‘Judge for yourselves’

First Lady, Sandra Granger

…First Lady makes strong pitch for President’s re-election
…says Guyana has come a long way since election of coalition

“We both believe that the people of Guyana deserve the best life they can have. If they look back these past four years they would recognise how far they’ve come and how far they can go,” Mrs Granger said during an interview on The Political Show, on Kaieteur Radio, on Wednesday.

FIRST Lady Sandra Granger called for Guyanese to have a vision that is beyond partisan politics, to think wisely and vote for a government that will look after the community needs of the people and ensure that they get the best for their dollar.
The restoration of the local government system, and grassroots programmes such as the David G 5Bs initiative, the increase of old age pension, as well as improved investments in health, education and other social services, were some of the programmes that she noted as having directly impacted communities for the better.

Ms. Granger emphasised that she shares in her husband’s, President David Granger’s, dream of a good life for all. “We both believe that the people of Guyana deserve the best life they can have. If they look back these past four years they would recognise how far they’ve come and how far they can go,” Mrs Granger said during an interview on The Political Show, on Kaieteur Radio, on Wednesday.

“I’ve heard people complaining that the David G buses only go on the main road and say ‘I live down in the street and if they don’t come to pick up my child at home I’m not voting’. Where’s the logic? You had nothing before and now you have a bus transporting your child safely to and from school.
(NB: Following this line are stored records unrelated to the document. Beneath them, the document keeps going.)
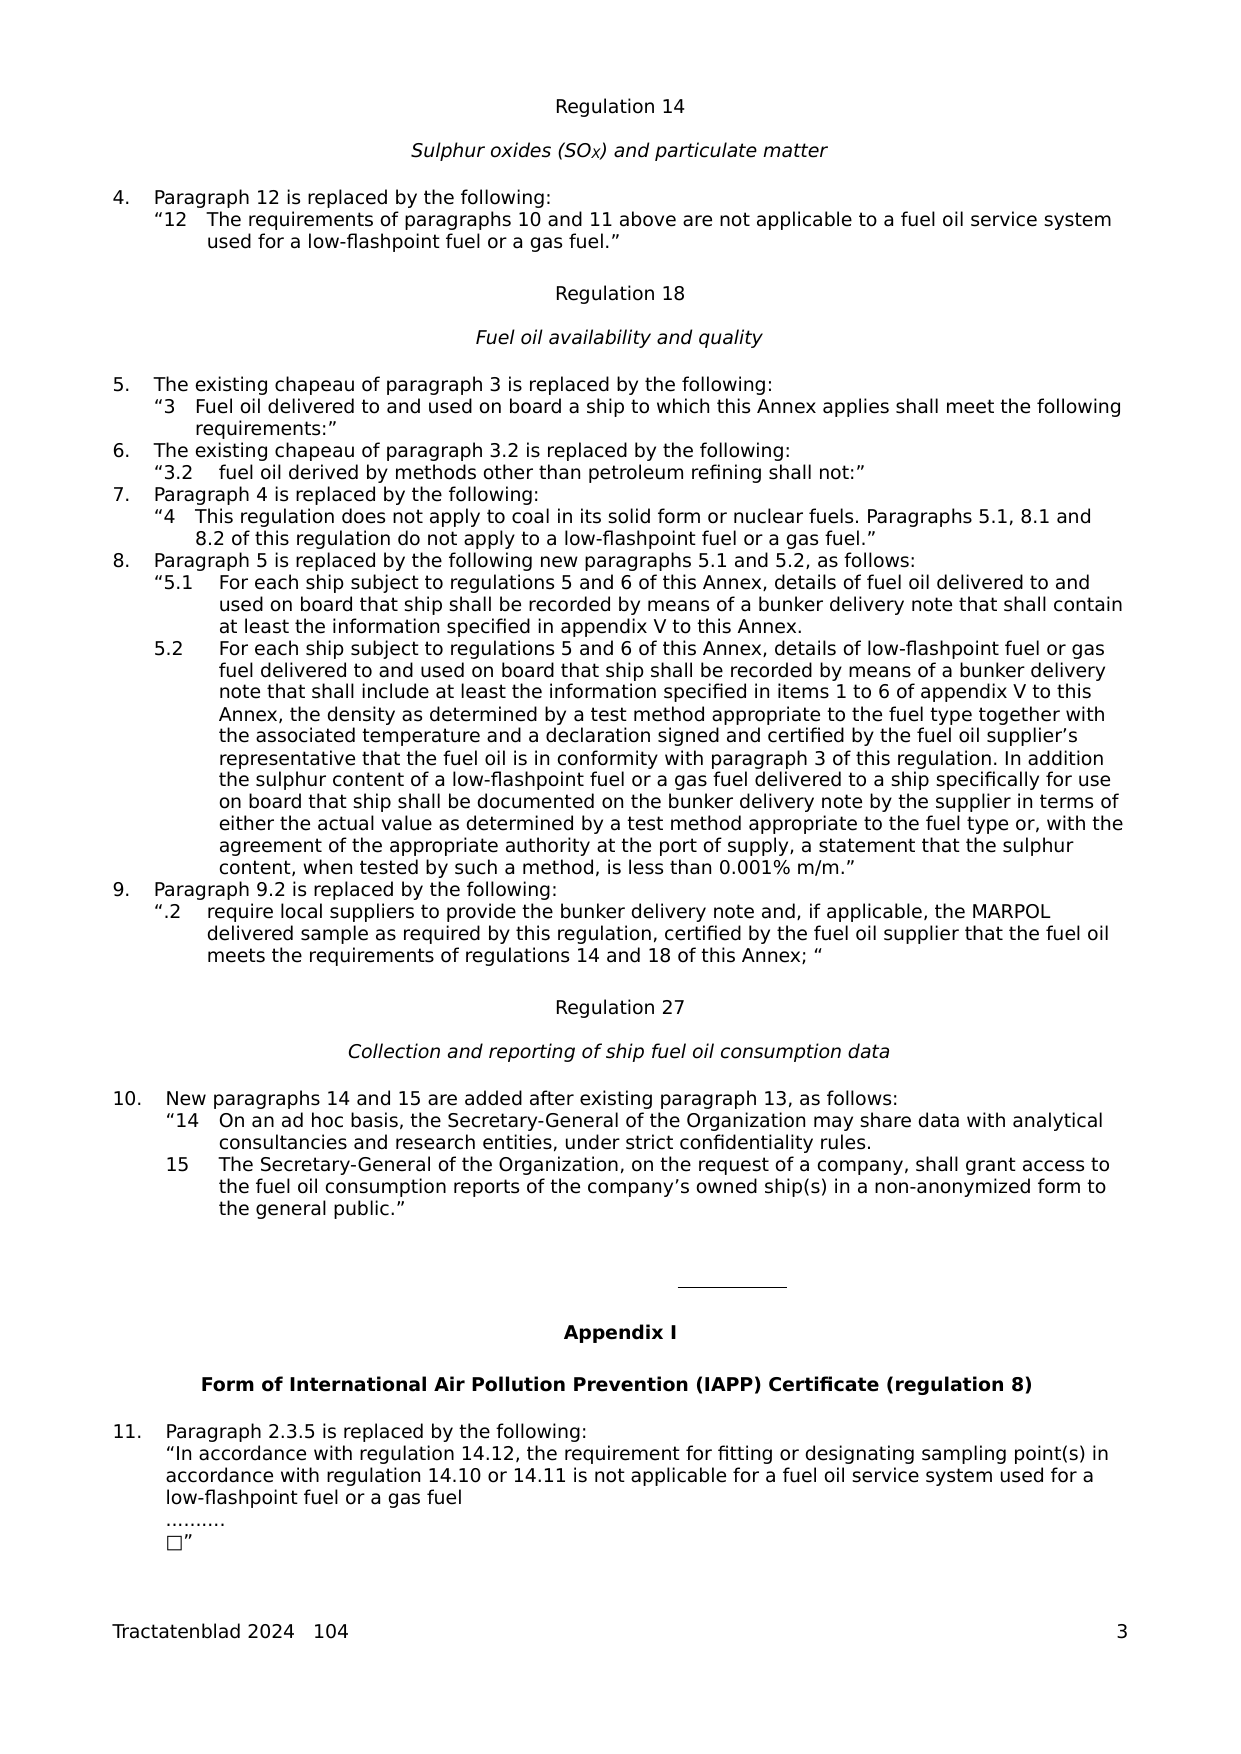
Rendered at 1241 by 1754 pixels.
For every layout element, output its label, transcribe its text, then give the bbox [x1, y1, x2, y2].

text 15 The Secretary-General of the Organization, on the request of a company, shall grant access to the fuel oil consumption reports of the company’s owned ship(s) in a non-anonymized form to the general public.” [165, 1154, 1128, 1220]
text 7. Paragraph 4 is replaced by the following: [112, 484, 1128, 506]
text 10. New paragraphs 14 and 15 are added after existing paragraph 13, as follows: [112, 1088, 1128, 1110]
text 5.2 For each ship subject to regulations 5 and 6 of this Annex, details of low-flashpoint fuel or gas fuel delivered to and used on board that ship shall be recorded by means of a bunker delivery note that shall include at least the information specified in items 1 to 6 of appendix V to this Annex, the density as determined by a test method appropriate to the fuel type together with the associated temperature and a declaration signed and certified by the fuel oil supplier’s representative that the fuel oil is in conformity with paragraph 3 of this regulation. In addition the sulphur content of a low-flashpoint fuel or a gas fuel delivered to a ship specifically for use on board that ship shall be documented on the bunker delivery note by the supplier in terms of either the actual value as determined by a test method appropriate to the fuel type or, with the agreement of the appropriate authority at the port of supply, a statement that the sulphur content, when tested by such a method, is less than 0.001% m/m.” [153, 637, 1128, 879]
text “14 On an ad hoc basis, the Secretary-General of the Organization may share data with analytical consultancies and research entities, under strict confidentiality rules. [165, 1110, 1128, 1154]
subtitle Regulation 14 Sulphur oxides (SOX) and particulate matter [112, 96, 1128, 162]
text 11. Paragraph 2.3.5 is replaced by the following: [112, 1421, 1128, 1443]
text 9. Paragraph 9.2 is replaced by the following: [112, 879, 1128, 901]
text 8. Paragraph 5 is replaced by the following new paragraphs 5.1 and 5.2, as follows: [112, 549, 1128, 572]
text “5.1 For each ship subject to regulations 5 and 6 of this Annex, details of fuel oil delivered to and used on board that ship shall be recorded by means of a bunker delivery note that shall contain at least the information specified in appendix V to this Annex. [153, 572, 1128, 637]
subtitle Regulation 27 Collection and reporting of ship fuel oil consumption data [112, 997, 1128, 1063]
text □” [165, 1531, 1128, 1553]
subtitle Regulation 18 Fuel oil availability and quality [112, 283, 1128, 349]
text “.2 require local suppliers to provide the bunker delivery note and, if applicable, the MARPOL delivered sample as required by this regulation, certified by the fuel oil supplier that the fuel oil meets the requirements of regulations 14 and 18 of this Annex; “ [153, 901, 1128, 967]
text 6. The existing chapeau of paragraph 3.2 is replaced by the following: [112, 440, 1128, 462]
text “4 This regulation does not apply to coal in its solid form or nuclear fuels. Paragraphs 5.1, 8.1 and 8.2 of this regulation do not apply to a low-flashpoint fuel or a gas fuel.” [153, 506, 1128, 549]
text “In accordance with regulation 14.12, the requirement for fitting or designating sampling point(s) in accordance with regulation 14.10 or 14.11 is not applicable for a fuel oil service system used for a low-flashpoint fuel or a gas fuel [165, 1443, 1128, 1509]
text .......... [165, 1509, 1128, 1531]
subtitle Appendix I [112, 1322, 1128, 1344]
text 5. The existing chapeau of paragraph 3 is replaced by the following: [112, 374, 1128, 396]
text “3.2 fuel oil derived by methods other than petroleum refining shall not:” [153, 462, 1128, 484]
text 4. Paragraph 12 is replaced by the following: [112, 187, 1128, 209]
text “12 The requirements of paragraphs 10 and 11 above are not applicable to a fuel oil service system used for a low-flashpoint fuel or a gas fuel.” [153, 209, 1128, 253]
text “3 Fuel oil delivered to and used on board a ship to which this Annex applies shall meet the following requirements:” [153, 396, 1128, 440]
subtitle Form of International Air Pollution Prevention (IAPP) Certificate (regulation 8) [112, 1374, 1128, 1396]
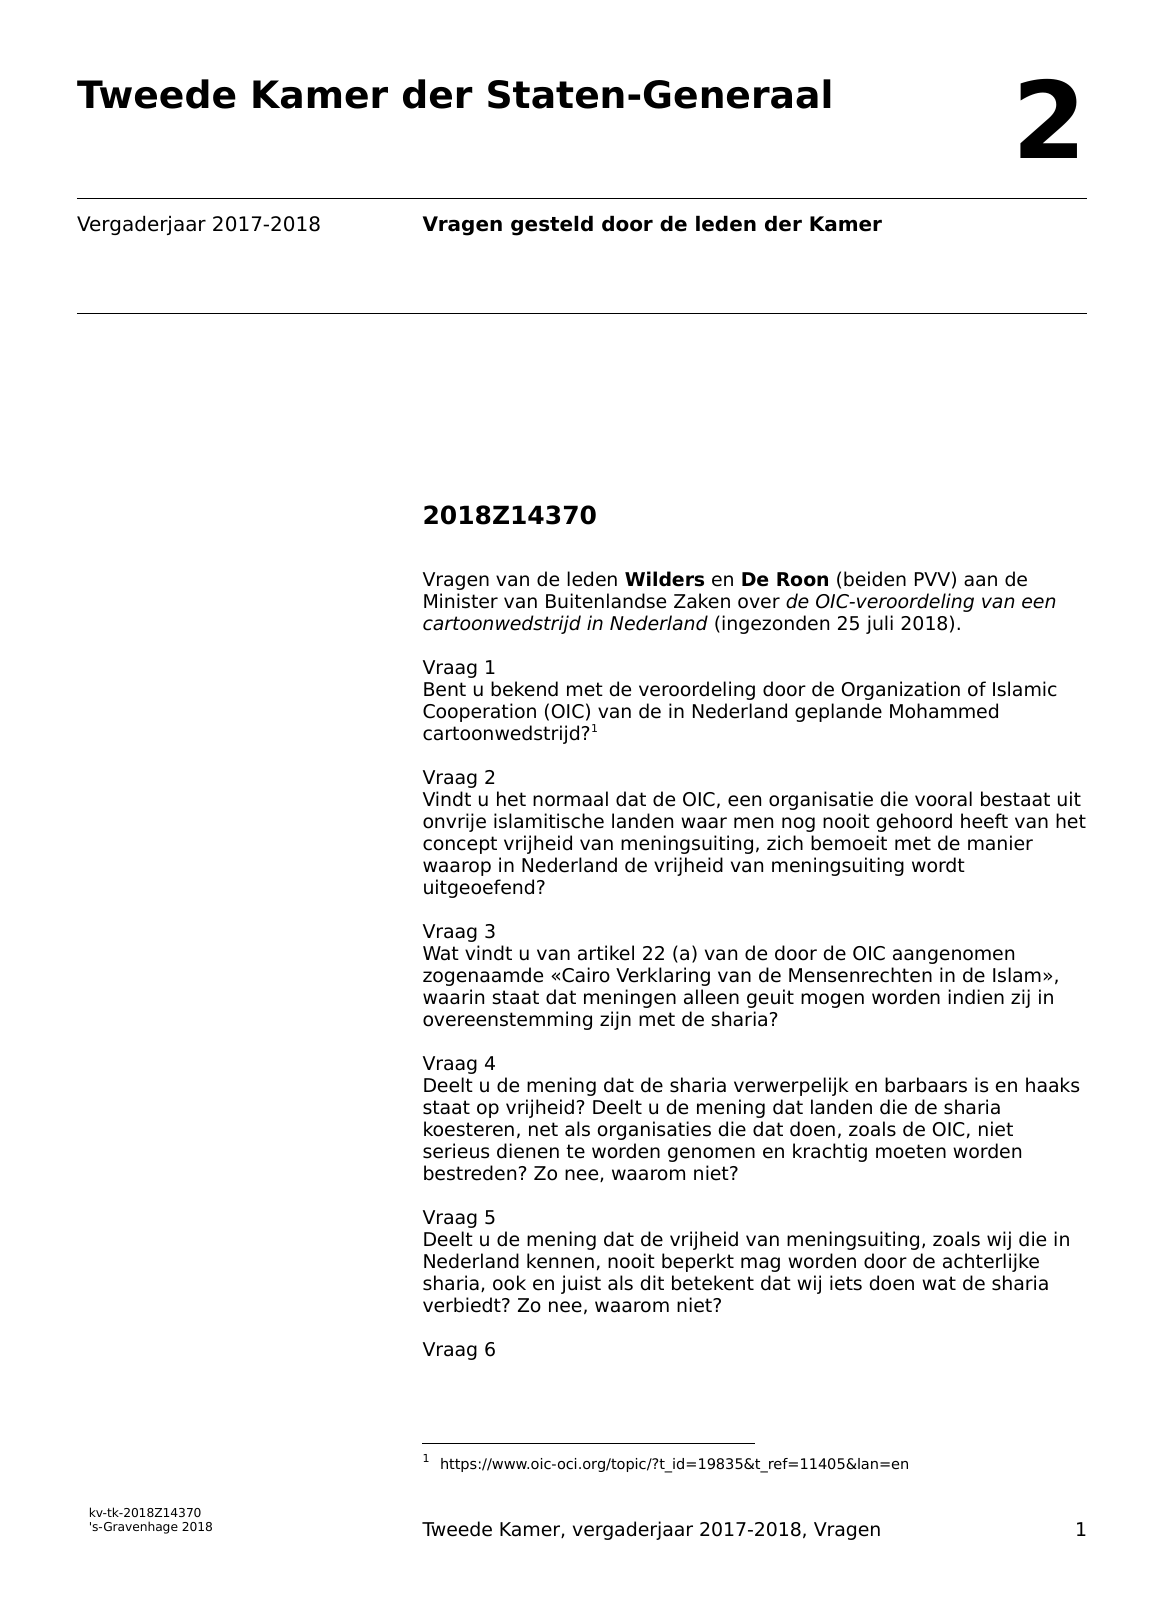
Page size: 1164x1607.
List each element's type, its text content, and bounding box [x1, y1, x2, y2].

table_cell Vragen gesteld door de leden der Kamer [422, 199, 1087, 313]
text Deelt u de mening dat de vrijheid van meningsuiting, zoals wij die in Nederland kennen, nooit beperkt mag worden door de achterlijke sharia, ook en juist als dit betekent dat wij iets doen wat de sharia verbiedt? Zo nee, waarom niet? [422, 1229, 1087, 1317]
text Vraag 1 [422, 657, 1087, 679]
text 2018Z14370 [422, 501, 1087, 531]
text Deelt u de mening dat de sharia verwerpelijk en barbaars is en haaks staat op vrijheid? Deelt u de mening dat landen die de sharia koesteren, net als organisaties die dat doen, zoals de OIC, niet serieus dienen te worden genomen en krachtig moeten worden bestreden? Zo nee, waarom niet? [422, 1075, 1087, 1185]
text Vindt u het normaal dat de OIC, een organisatie die vooral bestaat uit onvrije islamitische landen waar men nog nooit gehoord heeft van het concept vrijheid van meningsuiting, zich bemoeit met de manier waarop in Nederland de vrijheid van meningsuiting wordt uitgeoefend? [422, 789, 1087, 899]
text 's-Gravenhage 2018 [88, 1520, 323, 1534]
text Vraag 2 [422, 767, 1087, 789]
table_header Tweede Kamer der Staten-Generaal [77, 59, 886, 198]
text kv-tk-2018Z14370 [88, 1506, 323, 1520]
table_cell Vergaderjaar 2017-2018 [77, 199, 422, 313]
text Wat vindt u van artikel 22 (a) van de door de OIC aangenomen zogenaamde «Cairo Verklaring van de Mensenrechten in de Islam», waarin staat dat meningen alleen geuit mogen worden indien zij in overeenstemming zijn met de sharia? [422, 943, 1087, 1031]
text Vraag 3 [422, 921, 1087, 943]
text Vraag 4 [422, 1053, 1087, 1075]
text Vraag 6 [422, 1339, 1087, 1361]
text https://www.oic-oci.org/topic/?t_id=19835&t_ref=11405&lan=en [422, 1452, 1087, 1474]
text Bent u bekend met de veroordeling door de Organization of Islamic Cooperation (OIC) van de in Nederland geplande Mohammed cartoonwedstrijd? [422, 679, 1087, 745]
table_header 2 [886, 59, 1087, 198]
text Vragen van de leden Wilders en De Roon (beiden PVV) aan de Minister van Buitenlandse Zaken over de OIC-veroordeling van een cartoonwedstrijd in Nederland (ingezonden 25 juli 2018). [422, 569, 1087, 635]
text Vraag 5 [422, 1207, 1087, 1229]

And even in the most developed country it doesn’t stop at your home… it goes to a corner and you have to find yourself at that corner,” she pointed out. Defending her husband’s track record since becoming President in May 2015, Ms. Granger shared that: “This government has only been in office for less than five years… be reasonable, things are happening. It may not have gotten everything perfect but the coalition has tried to improve the lives of people.”

She called on persons not to be swayed by partisan media coverage, but to judge the situation for themselves and vote accordingly when General and Regional Elections come on March 2, 2020. “Look at what people are saying. Look at what has been done in the past four and a half years, look at the opposition over the previous 23 years but you have to be present. You have to exercise your right, and it is your duty to vote and make the right decision for yourself and your children,” she advocated.
President Granger took over the presidency when the A Partnership for National Unity + Alliance For Change (APNU+AFC) coalition won the 2015 elections, unseating the People’s Progressive Party Civic (PPPC), which governed for 23 years prior.

Opposition non-cooperation
When asked if she thought that enough was done to effect cooperation between the government and the opposition, Mrs Granger called out instances where the opposition was purposefully uncooperative. “You can’t complain if you don’t participate. How many parliamentary committees did not meet because people didn’t turn up? How many boards have not had the presence of the opposition members on those boards?” she questioned.
The instances were not only relegated to instances of the politicians being uncooperative in parliament and constitutional organisations.

Notwithstanding the restoration of the local government system to Guyana after an almost two-decade hiatus, many Neighbourhood Democratic Councils (NDCs), which are a part of the local government system, are still to realise their true potential. In some cases there has been purposeful resistance against development efforts by some of the opposition-aligned councils. The situation has also been prevalent at the level of the Regional Democratic Councils (RDCs). “They will not work with the coalition members for the benefit of the communities. They stymie development to say that nothing is happening. Doing nothing,” Mrs Granger asserted.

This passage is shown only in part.